Another prayer that caught my attention is centering prayer (or silent prayer). This is the practice of intentional silence before God which facilitates resting in Him. This prayer offers a way to grow in intimacy with God, moving beyond conversation to communion.[7] Thomas Keating[8] and other advocates of centering prayer say it does not replace but complements other modes of prayer. Below are simplified guidelines on how this can be done[9]:

·      Sit in an upright, attentive posture that allows for an erect spine and open heart. Place hands on your lap

·      Gently close eyes and bring to mind a sacred word as your symbol to consent to the presence and action of God within you. It helps to ground you in the present moment and allow for your undivided attention to God. Choose a name of God (e.g. Lord, Jesus, Abba, Yeshua, etc.) or a characteristic of God (e.g. love, peace, faith, trust, etc.)

·      As you notice your thoughts, gently return to your sacred word. Do this as many times as needed whenever you notice your thoughts

·      When your prayer period is over, transition slowly to the next part of your activity  

 

The minimum recommended time for this prayer is 20 mins, 2 times a day. One first thing in the morning, and one in the afternoon or early evening. With practice, members of group spiritual direction can benefit much from such prayers of silence amidst their busy schedules.

In my final observation, this paper is a start of my learning journey of identifying spiritual disciplines that can be used for group spiritual directions. Apart from what is mentioned in this paper, there are numerous others that can be examined. Dr. Alex Tang categorized spiritual disciplines into (1) inward, (2) outward, (3) corporate, and (4) circumstantial.[10] This is useful as the basis of my study moving forward.

 

Bibliography

https://gravitycenter.com/practice/centering-prayer/ Internet. Accessed 30 November 2017.

https://www.cpt.org/files/WS%20-%20Centering%20Prayer.pdf Internet. Accessed 30 November 2017.

Tang, Alex, Till We Are Fully Formed: Christian Spiritual Formation Paradigms in the English-speaking Presbyterian Churches in Malaysia. Armour Publishing, 2014.

Voon Choon Khing, Discerning God in Our Life: The Dance of Two Wills. Armour Publishing, 2016.

Willard, Dallas, The Great Omission: Reclaiming Jesus’ Essential Teachings on Discipleship. HarperCollins, 2006.


 

[1] Alex Tang, Till We Are Fully Formed: Christian Spiritual Formation Paradigms in the English-speaking Presbyterian Churches in Malaysia, (Armour Publishing, 2014), 163.

[2] Dallas Willard, The Great Omission: Reclaiming Jesus’ Essential Teachings on Discipleship, (HarperCollins, 2006), 53, 55 & 57.

[3] Alex Tang, Till We Are Fully Formed: Christian Spiritual Formation Paradigms in the English-speaking Presbyterian Churches in Malaysia, (Armour Publishing, 2014), 159.

[4] Voon Choon Khing, Discerning God in Our Life: The Dance of Two Wills, (Armour Publishing, 2016), 125.

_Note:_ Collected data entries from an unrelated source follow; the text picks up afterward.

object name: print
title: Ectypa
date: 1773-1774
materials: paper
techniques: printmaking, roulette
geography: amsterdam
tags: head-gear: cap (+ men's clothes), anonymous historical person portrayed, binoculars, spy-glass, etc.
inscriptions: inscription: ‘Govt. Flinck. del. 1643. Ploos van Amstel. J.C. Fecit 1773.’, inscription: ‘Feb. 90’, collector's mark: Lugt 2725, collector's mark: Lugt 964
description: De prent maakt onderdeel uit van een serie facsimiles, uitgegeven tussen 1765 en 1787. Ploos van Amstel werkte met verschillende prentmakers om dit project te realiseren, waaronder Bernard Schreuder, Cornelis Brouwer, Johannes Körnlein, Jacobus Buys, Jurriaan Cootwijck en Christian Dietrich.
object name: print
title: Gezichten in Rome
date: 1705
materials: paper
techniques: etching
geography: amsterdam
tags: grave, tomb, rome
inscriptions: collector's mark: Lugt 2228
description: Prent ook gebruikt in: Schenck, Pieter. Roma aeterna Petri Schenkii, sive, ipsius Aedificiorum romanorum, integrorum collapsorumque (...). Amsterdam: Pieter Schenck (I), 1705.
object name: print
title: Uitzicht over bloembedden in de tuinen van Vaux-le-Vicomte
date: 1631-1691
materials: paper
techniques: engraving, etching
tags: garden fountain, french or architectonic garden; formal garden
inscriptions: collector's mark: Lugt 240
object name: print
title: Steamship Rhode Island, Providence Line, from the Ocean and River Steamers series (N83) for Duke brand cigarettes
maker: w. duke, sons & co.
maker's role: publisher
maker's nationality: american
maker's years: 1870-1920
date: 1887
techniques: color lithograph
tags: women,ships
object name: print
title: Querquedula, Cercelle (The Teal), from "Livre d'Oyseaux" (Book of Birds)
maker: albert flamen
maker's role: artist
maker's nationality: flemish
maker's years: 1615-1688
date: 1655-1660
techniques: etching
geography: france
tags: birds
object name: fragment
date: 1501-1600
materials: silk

[5] Voon Choon Khing, Discerning God in Our Life: The Dance of Two Wills, (Armour Publishing, 2016), 127.

[6] Voon Choon Khing, Discerning God in Our Life: The Dance of Two Wills, (Armour Publishing, 2016), 129.

[7] https://gravitycenter.com/practice/centering-prayer/ Internet. Accessed 30 November 2017.

[8] A Trappist monk since 1944 and one of the founders of centering prayer. He founded Contemplative Outreach and is an internationally renowned theologian and an accomplished author. He has traveled the world to speak with laypeople and communities about contemplative Christian practices and the psychology of the spiritual journey

[10] Alex Tang, Till We Are Fully Formed: Christian Spiritual Formation Paradigms in the English-speaking Presbyterian Churches in Malaysia, (Armour Publishing, 2014), 161.